*** Opening Listed entries ***

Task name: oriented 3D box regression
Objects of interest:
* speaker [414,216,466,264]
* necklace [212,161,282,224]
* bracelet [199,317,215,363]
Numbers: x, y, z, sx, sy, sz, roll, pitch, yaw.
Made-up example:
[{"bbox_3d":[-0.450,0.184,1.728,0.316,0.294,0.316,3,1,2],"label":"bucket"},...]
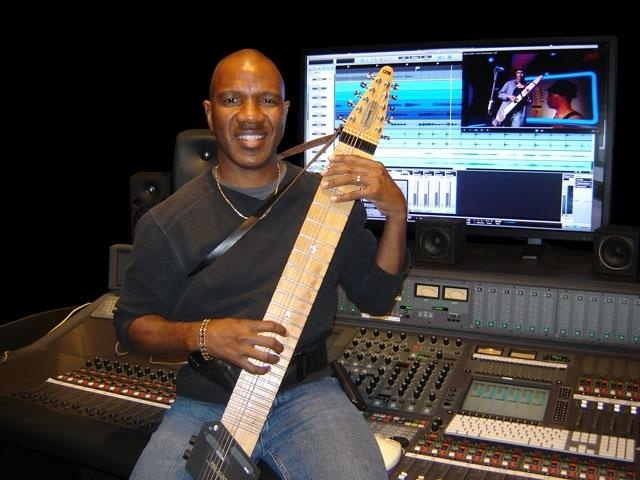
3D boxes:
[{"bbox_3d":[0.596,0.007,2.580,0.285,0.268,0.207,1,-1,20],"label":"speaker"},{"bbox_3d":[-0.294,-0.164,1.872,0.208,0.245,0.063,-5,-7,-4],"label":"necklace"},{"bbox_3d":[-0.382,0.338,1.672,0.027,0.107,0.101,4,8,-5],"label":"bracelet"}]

*** Closing Listed entries ***

■ **Exercise prompt**:
Please restate each entry exactly, but drop any picture it holds.

■ **Output for this exercise**:
Task name: oriented 3D box regression
Objects of interest:
* speaker [414,216,466,264]
* necklace [212,161,282,224]
* bracelet [199,317,215,363]
Numbers: x, y, z, sx, sy, sz, roll, pitch, yaw.
Made-up example:
[{"bbox_3d":[-0.450,0.184,1.728,0.316,0.294,0.316,3,1,2],"label":"bucket"},...]
3D boxes:
[{"bbox_3d":[0.596,0.007,2.580,0.285,0.268,0.207,1,-1,20],"label":"speaker"},{"bbox_3d":[-0.294,-0.164,1.872,0.208,0.245,0.063,-5,-7,-4],"label":"necklace"},{"bbox_3d":[-0.382,0.338,1.672,0.027,0.107,0.101,4,8,-5],"label":"bracelet"}]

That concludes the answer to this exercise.